Carl Laemmle Jr. (born Julius Laemmle; April 28, 1908 – September 24, 1979) was an American film producer - studio executive and heir of Carl Laemmle, who had founded Universal Studios. He was head of production at the studio from 1928 to 1936.

Early life

Laemmle was born on April 28, 1908, in Chicago, the son of Carl Laemmle, the founder of Universal Pictures, and Recha Stern Laemmle, who died in 1919 when he was eleven years old. Carl Jr. had a sister Rosabelle, and a cousin Carla, an actress and dancer. His mother was buried in Salem Fields Cemetery, Glendale, New York. His family was Jewish, and during the 1930s Carl Laemmle Sr. assisted Jewish people in leaving Germany.

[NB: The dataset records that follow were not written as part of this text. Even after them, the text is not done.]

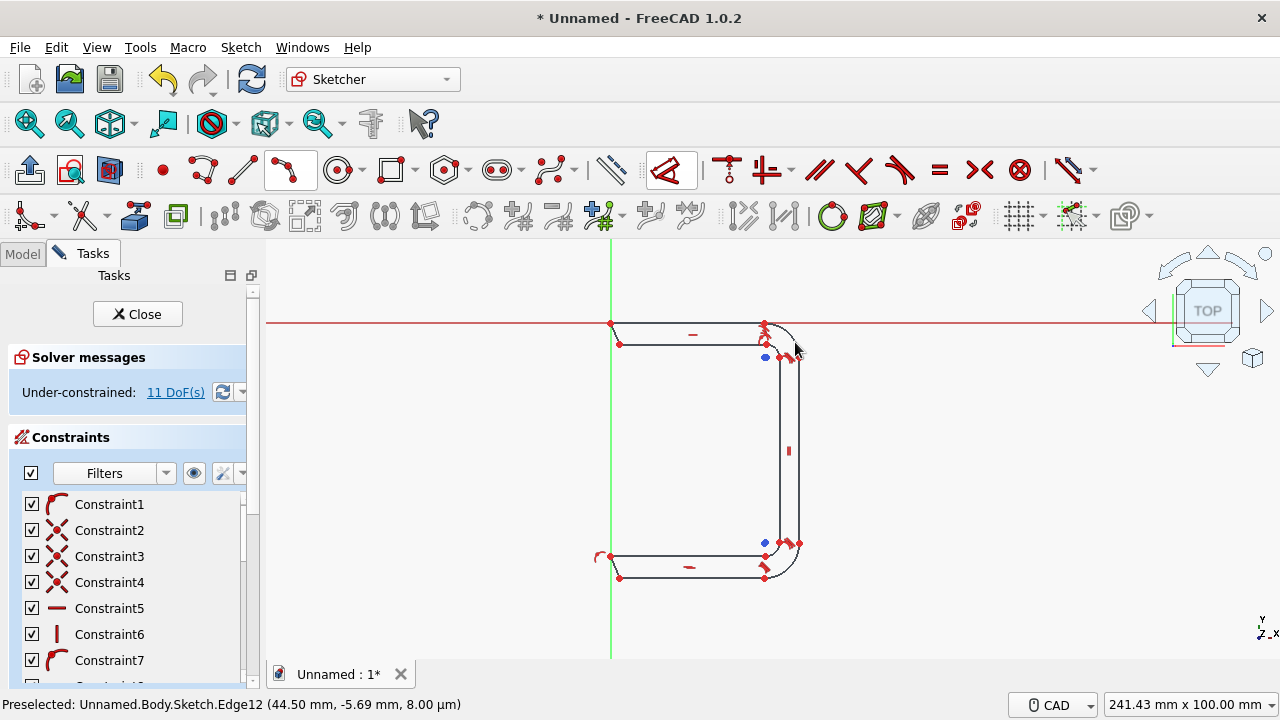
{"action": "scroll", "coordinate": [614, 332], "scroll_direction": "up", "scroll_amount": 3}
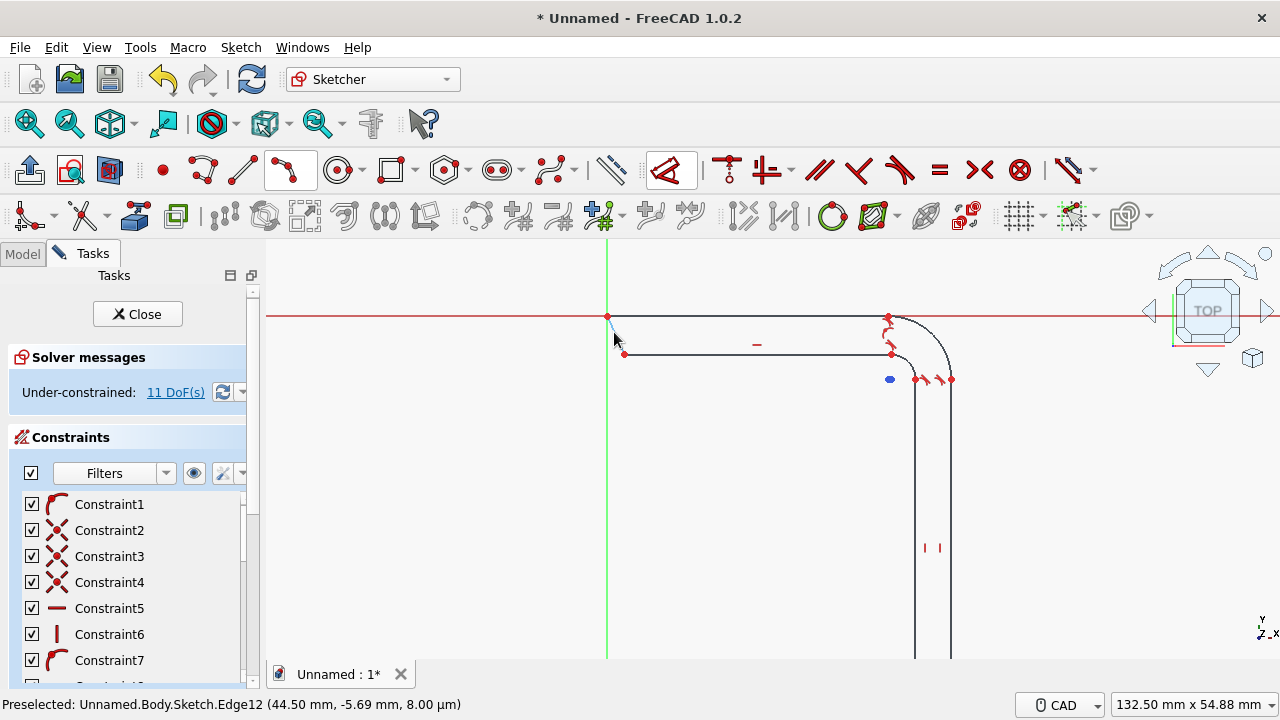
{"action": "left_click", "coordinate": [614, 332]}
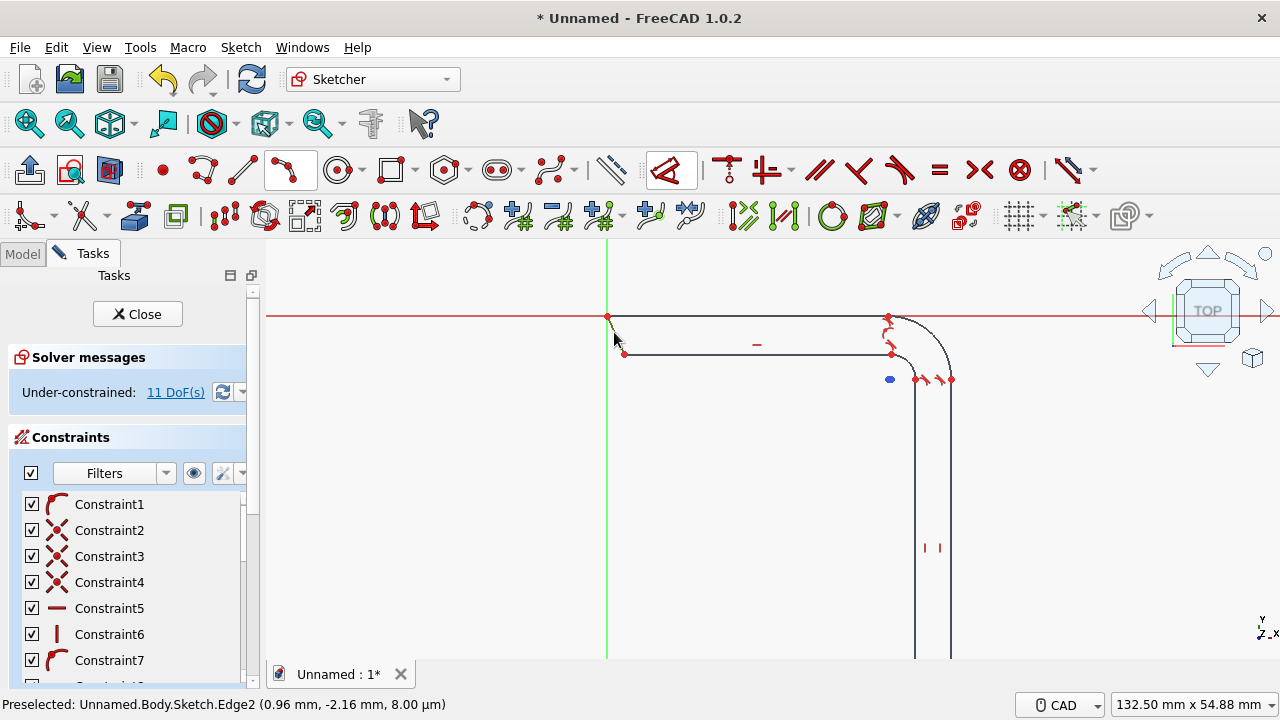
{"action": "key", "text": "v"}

The Laemmle family shared a large New York City apartment located at 465 West End Avenue before moving to Los Angeles, California.

Career

During his tenure as head of production, beginning in 1928 in the early years of talkie movies, the studio had great success with films such as All Quiet on the Western Front (1930), Dracula (1931), Waterloo Bridge (1931), Frankenstein (1931), East of Borneo (1931), A House Divided (1931), The Mummy (1932), The Old Dark House (1932), The Invisible Man (1933), Imitation of Life (1934), and Bride of Frankenstein (1935).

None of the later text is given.